MLA for Drumheller-Stettler
- In office 2007–2012
- Preceded by: Shirley McClellan
- Succeeded by: Rick Strankman

Minister of Tourism, Parks and Recreation in the Alberta government
- In office October 12, 2011 – May 8, 2012
- Preceded by: Cindy Ady
- Succeeded by: Christine Cusanelli

Former Minister of Infrastructure in the Alberta government
- In office March 12, 2008 – October 12, 2011
- Preceded by: Luke Ouellette
- Succeeded by: Jeff Johnson

Personal details
- Born: John Ralph Hayden c. 1950 (age 75–76)
- Party: Progressive Conservative
- Children: 3
- Occupation: Politician
- Website: http://www.jackhayden.ca/

= Jack Hayden (politician) =

Canadian politician

John Ralph "Jack" Hayden (born c. 1950) is a Canadian politician and former Member of the Legislative Assembly of Alberta, who represented the constituency of Drumheller-Stettler as a Progressive Conservative from 2007 to 2012.

==Political career==

Hayden was elected to his second term representing the constituents of Drumheller-Stettler with 69 per cent of the vote in the 2008 provincial election. He was appointed as Minister of Infrastructure after the election by Premier Ed Stelmach.

Hayden was first elected in a 2007 by-election, winning 58 per cent of the vote, to fill a spot left vacant when Shirley McClellan, a 20-year veteran of the Legislature, resigned. In 2006, he was rural campaign chair for Premier Ed Stelmach's leadership bid.
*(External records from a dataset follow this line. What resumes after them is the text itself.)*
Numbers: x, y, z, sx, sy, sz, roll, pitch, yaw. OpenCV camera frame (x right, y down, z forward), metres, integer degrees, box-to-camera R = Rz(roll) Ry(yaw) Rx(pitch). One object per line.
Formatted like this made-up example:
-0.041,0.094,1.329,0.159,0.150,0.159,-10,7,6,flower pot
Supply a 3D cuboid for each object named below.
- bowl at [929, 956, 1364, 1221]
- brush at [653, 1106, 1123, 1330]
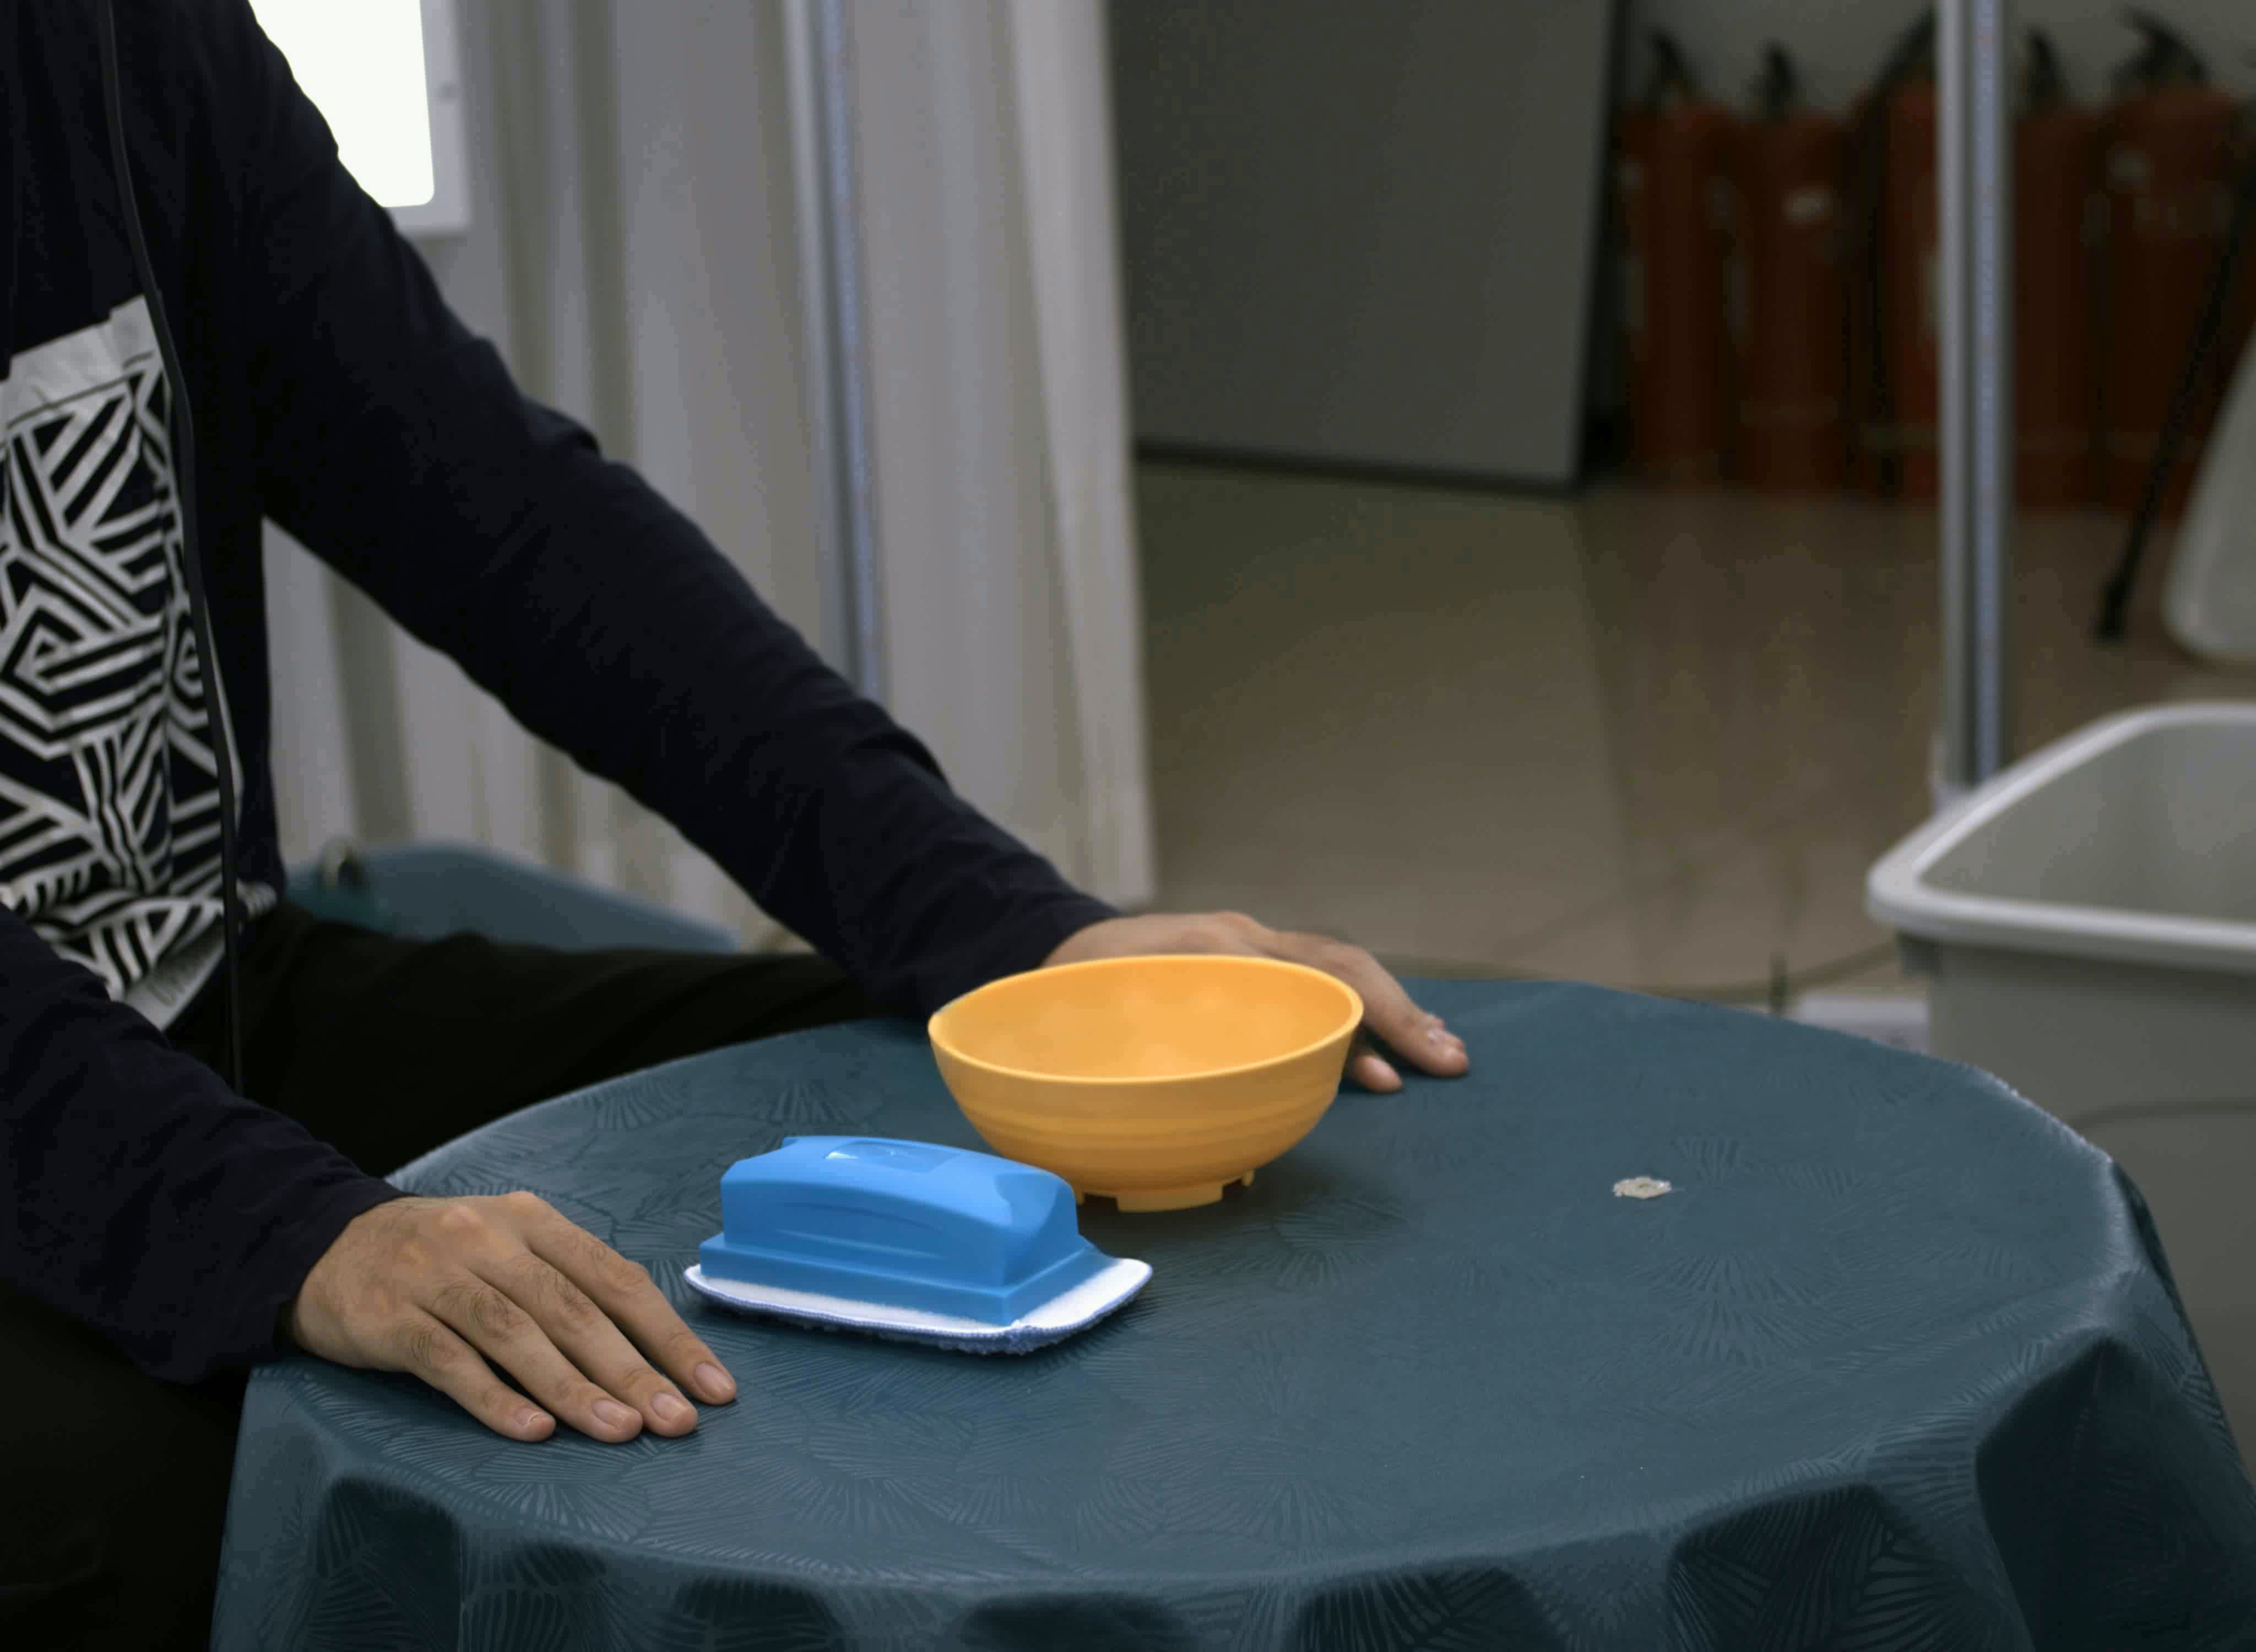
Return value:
0.007,0.091,1.776,0.143,0.061,0.145,-2,14,0,bowl
-0.074,0.120,1.673,0.145,0.056,0.082,9,15,36,brush

Before entering provincial politics, Hayden was involved in municipal government. He was a councillor and reeve in the County of Stettler. Hayden was elected president of the Alberta Association of Municipal Districts and Counties in 1998, and remained president until he vacated his position are reeve in 2004.

Hayden represented rural interests on numerous committees, including Prime Minister Paul Martin's External Advisory Committee on Cities and Communities, and numerous provincial advisory boards. He was placed on the Federation of Canadian Municipalities Roll of Honour in 2006, after serving on the board of directors for six years.

==Personal life==

Hayden lives on a farm near Endiang. Jack has three grown children.
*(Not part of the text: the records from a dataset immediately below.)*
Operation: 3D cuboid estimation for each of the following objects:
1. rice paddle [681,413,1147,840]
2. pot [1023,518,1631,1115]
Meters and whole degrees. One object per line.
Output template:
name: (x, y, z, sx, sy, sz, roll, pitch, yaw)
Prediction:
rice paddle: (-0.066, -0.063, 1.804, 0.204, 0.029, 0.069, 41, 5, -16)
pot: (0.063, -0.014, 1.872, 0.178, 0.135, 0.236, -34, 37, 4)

In 2002, he was awarded a Queen Elizabeth II Golden Jubilee Medal, honouring his service to community.

==Election results==

v; t; e; Alberta provincial by-election, June 12, 2007: Drumheller-Stettler
| Party | Candidate | Votes | % | ±% |
|  | Progressive Conservative | Jack Hayden | 4,180 | 57.65 | −7.37 |
|  | Liberal | Tom Dooley | 993 | 13.69 | – |
|  | Social Credit | Larry Davidson | 852 | 11.75 | 9.08 |
|  | Independent | John Rew | 519 | 7.16 | – |
|  | Alberta Alliance | Dave France | 355 | 4.90 | −8.68 |
|  | Green | Jennifer Wigmore | 249 | 3.43 | – |
|  | New Democratic | Richard Bough | 103 | 1.42 | −6.92 |
| Total |  |  | 7,251 | – | – |
| Rejected, spoiled, and declined |  |  | 13 | 25 | 3 |
| Eligible electors / turnout |  |  | 22,509 | 32.31 | – |
|  | Progressive Conservative hold |  | Swing |  | −10.53 |
Source(s) Alberta. Chief Electoral Officer (2007). Report on the June 12, 2007 By-elections: Calgary-Elbow & Drumheller-Stettler (Report). Edmonton: Legislative Assembly of Alberta; Chief Electoral Officer. Retrieved April 20, 2021.
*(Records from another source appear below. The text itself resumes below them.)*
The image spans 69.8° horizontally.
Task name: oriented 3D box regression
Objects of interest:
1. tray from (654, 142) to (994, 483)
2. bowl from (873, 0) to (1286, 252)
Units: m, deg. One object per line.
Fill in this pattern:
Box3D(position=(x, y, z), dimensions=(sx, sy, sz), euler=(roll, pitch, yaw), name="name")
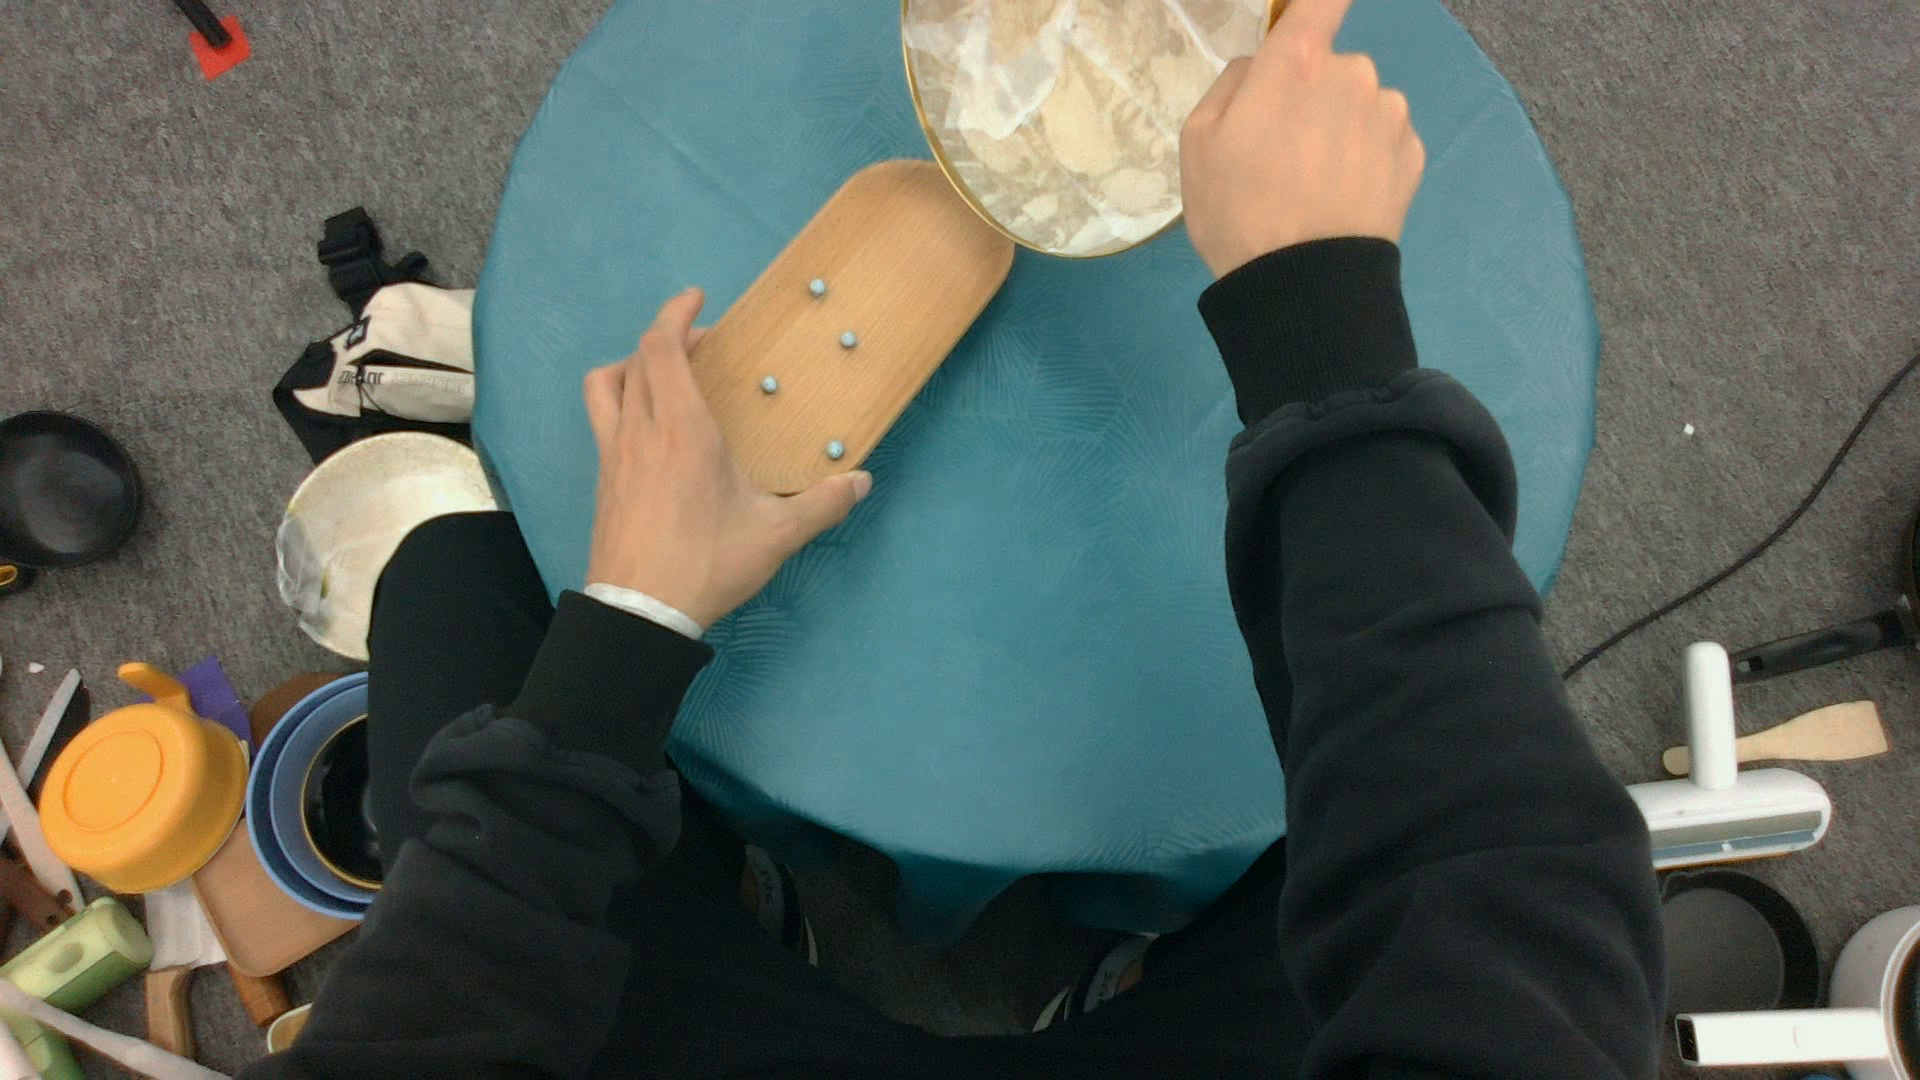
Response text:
Box3D(position=(-0.065, -0.120, 0.700), dimensions=(0.101, 0.020, 0.232), euler=(31, 60, 4), name="tray")
Box3D(position=(0.064, -0.239, 0.622), dimensions=(0.095, 0.213, 0.215), euler=(-25, 75, -44), name="bowl")

v; t; e; 2008 Alberta general election: Drumheller-Stettler
| Party | Candidate | Votes | % | ±% |
|  | Progressive Conservative | Jack Hayden | 6,986 | 68.90% | 11.25% |
|  | Liberal | Tom Dooley | 1,463 | 14.43% | 0.73% |
|  | Wildrose Alliance | Dave France | 1,062 | 10.47% | 5.57% |
|  | Green | Amanda Bolton | 353 | 3.48% | 0.05% |
|  | New Democratic | Richard Bough | 276 | 2.72% | 1.30% |
| Total |  |  | 10,140 | – | – |
| Rejected, spoiled, and declined |  |  | 27 | 7 | 1 |
| Eligible electors / turnout |  |  | 23,268 | 43.73% | – |
|  | Progressive Conservative hold |  | Swing |  | 5.99% |
Source(s) Office of the Chief Electoral Officer (2008). The Report on the March 3, 2008 Provincial General Election of the Twenty-Seventh Legislative Assembly. Edmonton: Alberta Legislative Assembly. pp. 402–407. ISSN 1483-1171. Retrieved November 11, 2020.